Предположение таково: этим ответом Москвы на вопрос Петра о пространстве стало явление новой русской литературы. Не случайно этот ответ был сформулирован синхронно с переводом Библии на русский язык и вторжением Наполеона (опять: вторжением иного пространства). Москва ответила Петру явлением новой, на порядок более сложной литературы: обнаружив себя в большем мире, она создала мир в слове.
Ответ был развернут: от Пушкина, как «автора в пространстве», до «пространства в авторе» — до Толстого, в тексте которого как будто помещен весь мир.
Здесь обнаруживает себя тема, которую мы следили на всем протяжении исследования: сакральной самодостаточности нового слова. В эволюции русской литературы с самого начала обозначила себя религиозная составляющая. Слово составило предмет веры (см. сюжет о «Пророке»); бумажный материк, открытый «Колумбом» Пушкиным, изначально рисовался в воображении русского читателя как подобие земли обетованной.
В этом прежде всего сказалось присутствие Москвы — не как города, но как укорененной фигуры отечественного сознания. Москва обещает русскому человеку рай, рисуется округлым облаком, готовым поднять его прямо на небо.
Москва действует как центр притяжения слова: она и есть «точка тяжести», о которой идет речь в этой книге — «москвоточка»: литературно-пространственный фокус современного русского языка.
Этот фокус собирает вокруг себя сферу текста, придает ему высокий сакральный смысл и неотменимое чувство целого.

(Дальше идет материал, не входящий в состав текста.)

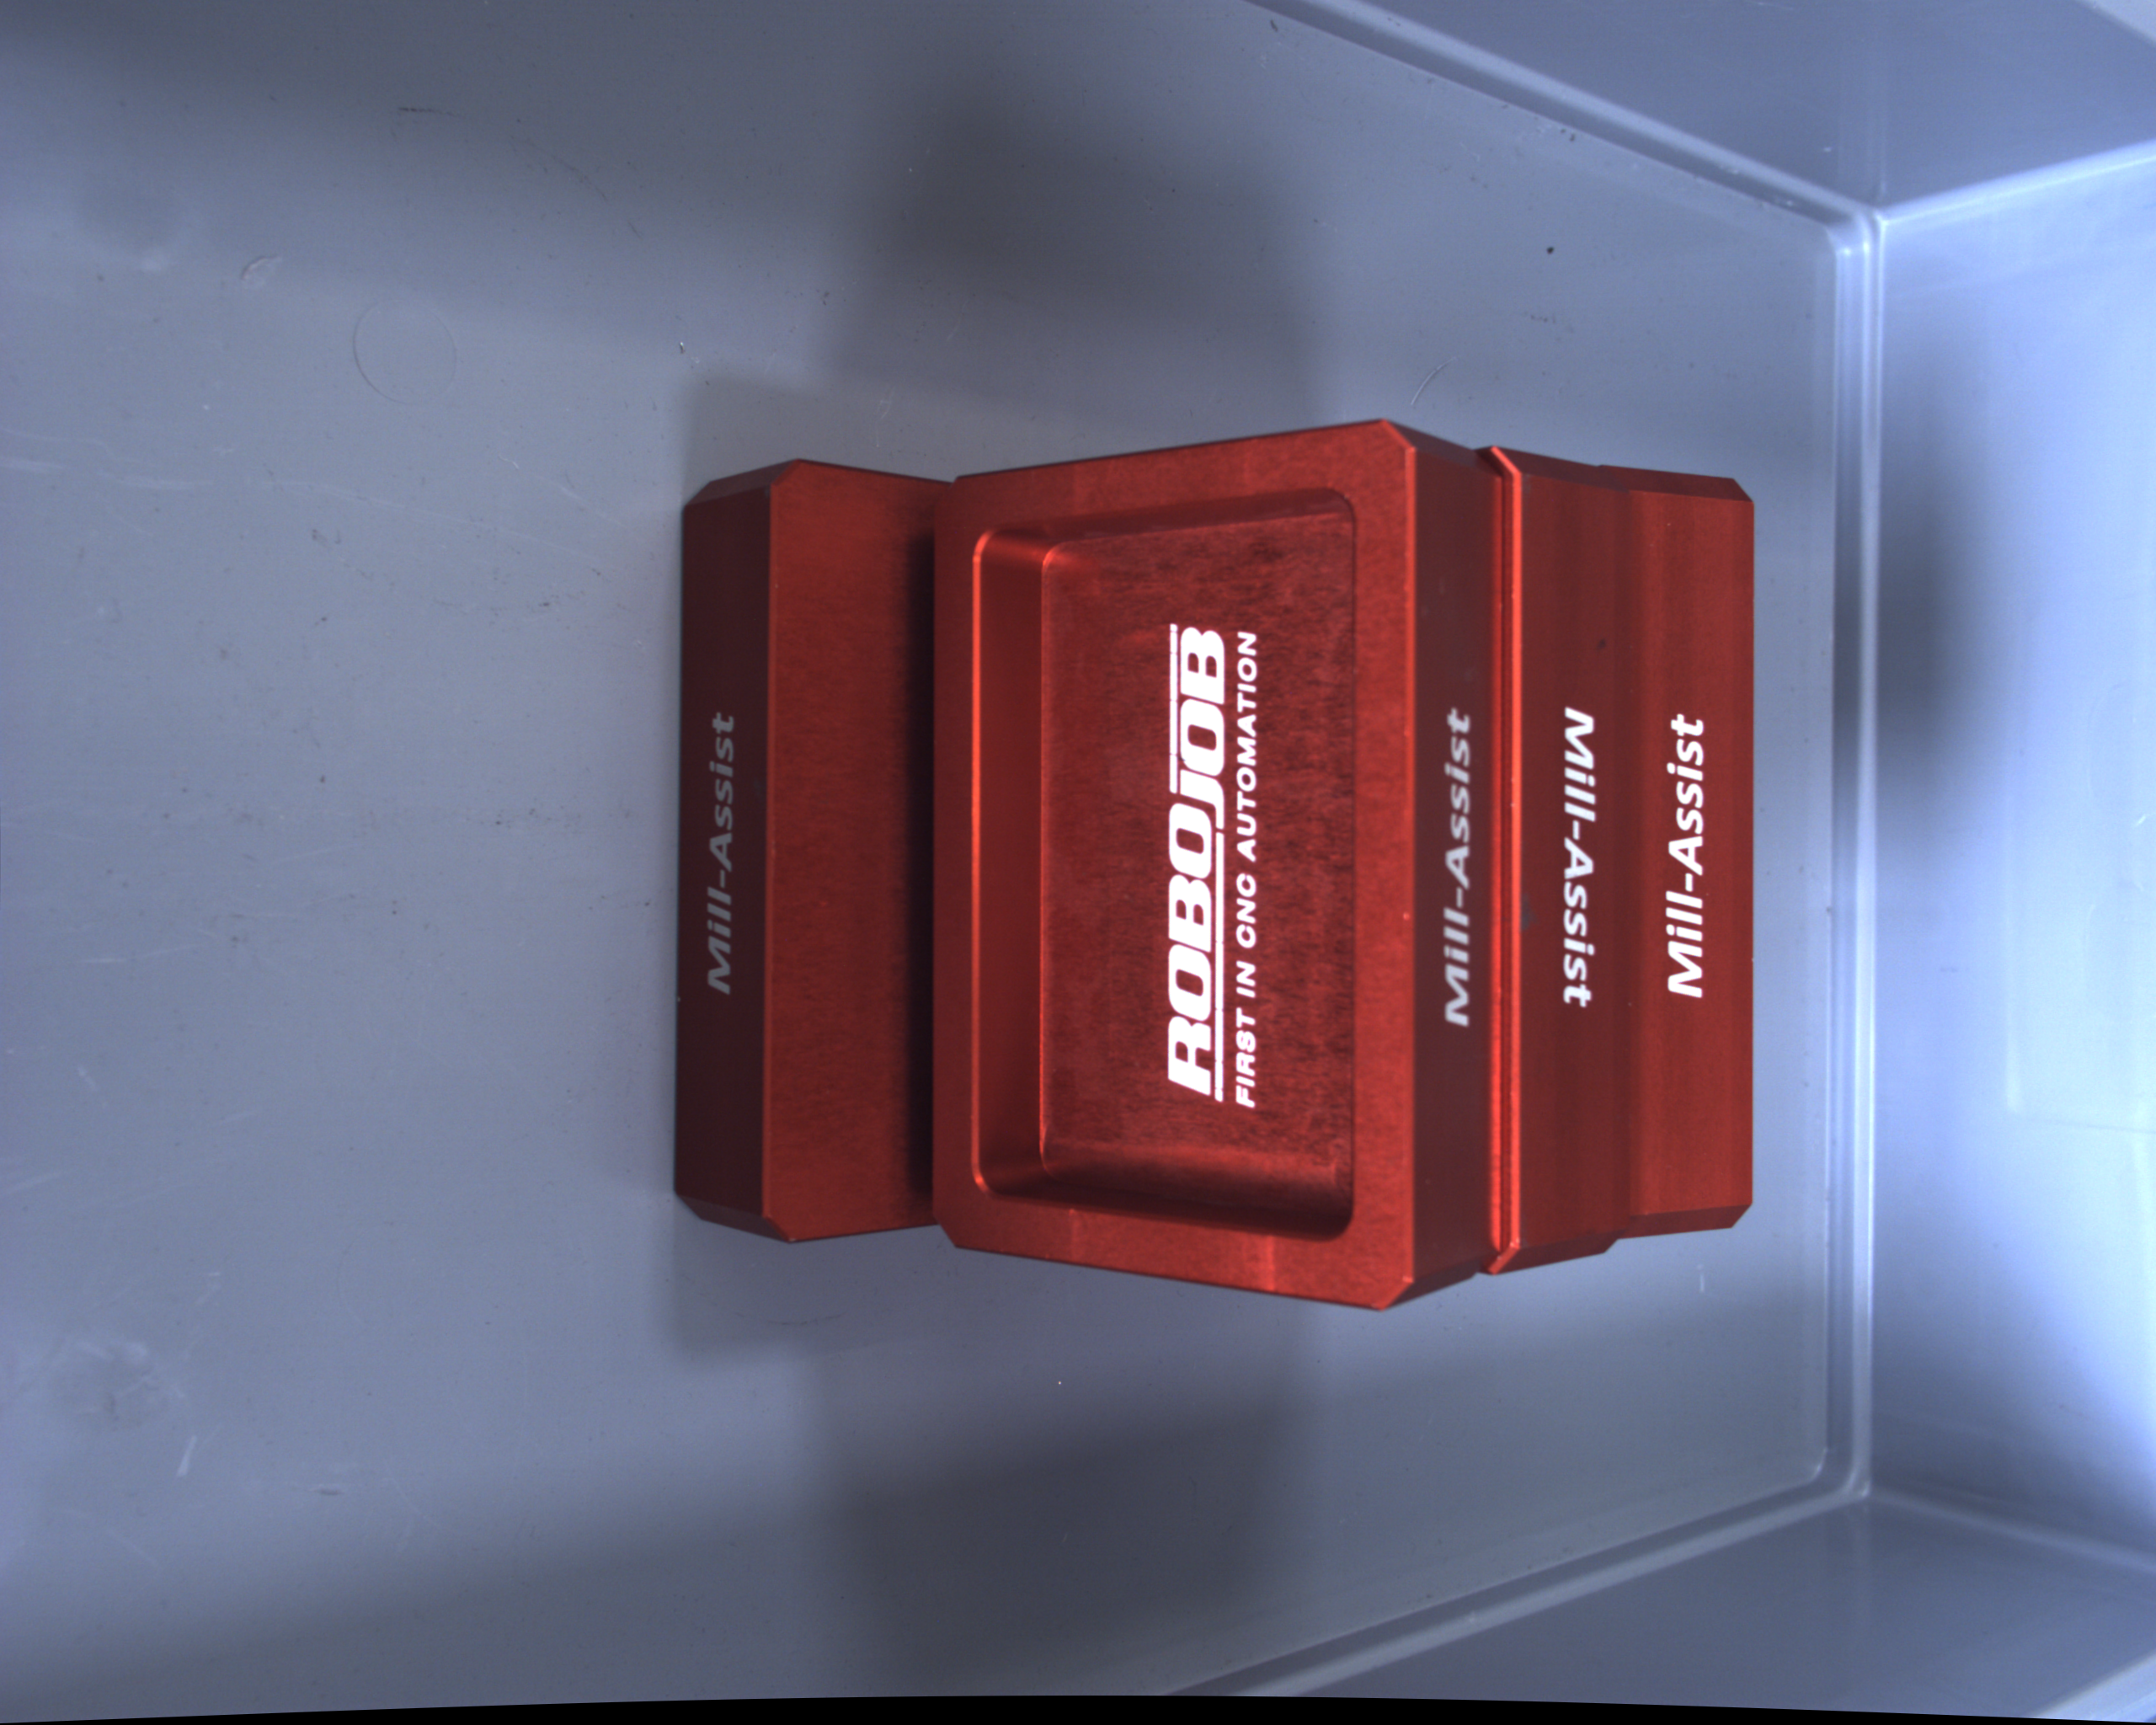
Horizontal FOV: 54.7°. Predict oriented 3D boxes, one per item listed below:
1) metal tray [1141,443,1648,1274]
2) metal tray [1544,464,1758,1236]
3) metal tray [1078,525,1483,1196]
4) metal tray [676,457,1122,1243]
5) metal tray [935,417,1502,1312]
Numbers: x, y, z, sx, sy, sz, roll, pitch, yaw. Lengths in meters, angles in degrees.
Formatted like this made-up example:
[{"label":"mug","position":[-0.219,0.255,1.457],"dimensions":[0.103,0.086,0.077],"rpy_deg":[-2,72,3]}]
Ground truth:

Неудивительно, что Москва видится столицей нашего бумажного материка. Начиная с Карамзина, со всей силой ощутившего ее ментальное тяготение, с Пушкина, «переехавшего» из Петербурга в Москву со своим «Годуновым», склонение нового слова к Москве в дальнейшем только упрочивалось: Гоголь приехал из своих вечных странствий в Москву, Толстой только и писал о Москве; этим примерам несть числа — все это примеры показательного «омосковления» современного русского слова.
Следует помнить, что Москва, помимо прочего, это столица вековой старины, древняя «планета», обладающая традиционной культурной гравитацией, восходящей к константинопольской традиции.
Она есть помещение покоя, «точечное» (готовое сойтись в самое себя), в принципе отличное от беспокойного, «векторного» (устремленного вовне) Петербурга.
Такая Москва предпочитает бытовать, по сути, вне реальной истории и географии. При этом она куда успешнее калькированного с Европы Петербурга сообщает русскому человеку о его культурной идентичности. Ее образы утверждены в глубине нашего сознания. Они проявляют себя в языке, в оптике русского слова.
Здесь обнаруживается принципиальное дополнение к исходной схеме «роста» русской литературы от Пушкина к Толстому и далее на восток к «сахалинцу» Чехову, — дополнение к истории эволюции нашей прозы как культурного ответа Европе на вызов ее внешнего пространства.
Если различить за поверхностью литературных событий работу средневекового «магнита» Москвы — архаической, самой-в-себя-смотрящей, можно предположить, что Россия не выполнилапетровского задания по приобщению к пространству Европы — она отменила его, выдумав, намолив, нарифмовав себе новый язык как замену внешнего пространства.
Москве потребовалось на это сто лет — раскачивания слова на месте, перемены вектора развития сначала с западного на южный (цареградский проект Екатерины), а затем на устремленный внутрь самое себя. Ей потребовалась тотальная война с Наполеоном и «евангельская» жертва Москвы 1812 года, когда сознание русского человека «архитектурно» оформилось в позиции против Европы(что было многократно усилено в ретроспекции Толстого), чтобы явился этот старый-новый язык, заменяющий собой пространство.
Язык, границы которого нужно охранять не менее ревностно, нежели пределы самого заветного московского царства.
Этот новый язык Москвы не был архаичен, напротив. Он был остро современен; он оперировал формами «сейчас — Москва», «Я — Москва», обнаруженными в момент встречи русского языка и Евангелия, с переосознанием формулы «сейчас — Христос». На таком, уловляющим мгновения языке, было заново записано событие Москвы.
На этом языке «поверх времен» Пушкин писал своего «Годунова» — и через линзу слова «увидел» Годунова, перенесся без усилия на двести лет в прошлое (к другому Пушкину, Гавриле). В режиме «сейчас — Москва» и «Я — Москва» Толстой писал роман «Война и мир»: и вышло подобие Библии — московской, заявляющей начало в 1812 году новой (христианской?) эры.